All lines of the material that contain "meters" must be copied out.

* Data listing

*** Begin section ***

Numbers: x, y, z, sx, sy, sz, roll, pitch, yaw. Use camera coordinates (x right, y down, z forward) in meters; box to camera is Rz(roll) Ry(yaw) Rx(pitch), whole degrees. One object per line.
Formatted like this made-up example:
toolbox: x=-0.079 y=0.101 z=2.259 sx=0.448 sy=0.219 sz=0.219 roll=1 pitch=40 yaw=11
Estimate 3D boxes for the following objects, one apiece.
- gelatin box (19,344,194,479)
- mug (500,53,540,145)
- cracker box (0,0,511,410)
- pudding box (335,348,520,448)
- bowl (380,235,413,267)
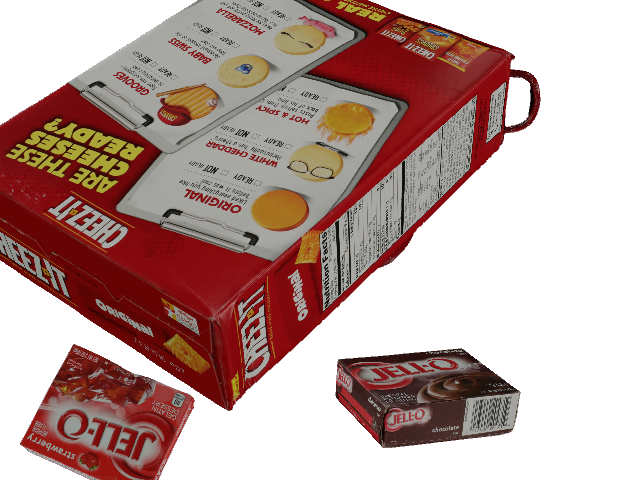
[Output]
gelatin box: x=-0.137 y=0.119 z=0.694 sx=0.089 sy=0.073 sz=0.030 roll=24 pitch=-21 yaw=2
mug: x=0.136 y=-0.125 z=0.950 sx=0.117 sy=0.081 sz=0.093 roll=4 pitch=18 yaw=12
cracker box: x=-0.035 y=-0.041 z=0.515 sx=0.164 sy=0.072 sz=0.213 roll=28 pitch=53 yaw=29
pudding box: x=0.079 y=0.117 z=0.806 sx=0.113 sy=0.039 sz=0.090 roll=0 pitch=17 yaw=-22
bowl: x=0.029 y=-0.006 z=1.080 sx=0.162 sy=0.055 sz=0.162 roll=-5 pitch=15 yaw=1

*** End section ***
*** Begin section ***

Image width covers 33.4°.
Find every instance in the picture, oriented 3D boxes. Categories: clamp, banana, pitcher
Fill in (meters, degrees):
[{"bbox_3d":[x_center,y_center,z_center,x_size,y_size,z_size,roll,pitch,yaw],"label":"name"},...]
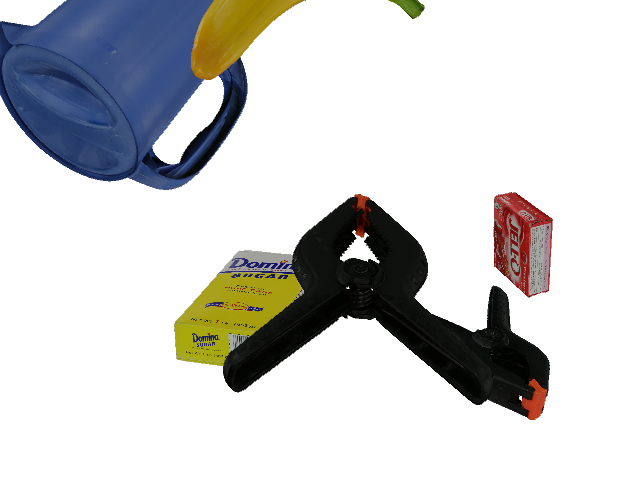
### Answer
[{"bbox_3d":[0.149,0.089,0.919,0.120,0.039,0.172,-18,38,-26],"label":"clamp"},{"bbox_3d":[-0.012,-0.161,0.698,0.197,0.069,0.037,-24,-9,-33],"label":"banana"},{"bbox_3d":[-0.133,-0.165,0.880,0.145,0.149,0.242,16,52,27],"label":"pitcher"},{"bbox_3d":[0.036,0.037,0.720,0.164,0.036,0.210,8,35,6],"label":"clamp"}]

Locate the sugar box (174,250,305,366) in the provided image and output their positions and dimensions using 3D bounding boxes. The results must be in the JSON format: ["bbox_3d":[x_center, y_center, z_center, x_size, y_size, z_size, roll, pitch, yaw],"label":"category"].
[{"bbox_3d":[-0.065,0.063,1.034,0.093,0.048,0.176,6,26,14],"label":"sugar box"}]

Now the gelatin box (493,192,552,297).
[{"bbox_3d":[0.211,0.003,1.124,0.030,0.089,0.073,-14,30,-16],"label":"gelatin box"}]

*** End section ***

* Your response
Numbers: x, y, z, sx, sy, sz, roll, pitch, yaw. Use camera coordinates (x right, y down, z forward) in meters; box to camera is Rz(roll) Ry(yaw) Rx(pitch), whole degrees. One object per line.
Fill in (meters, degrees):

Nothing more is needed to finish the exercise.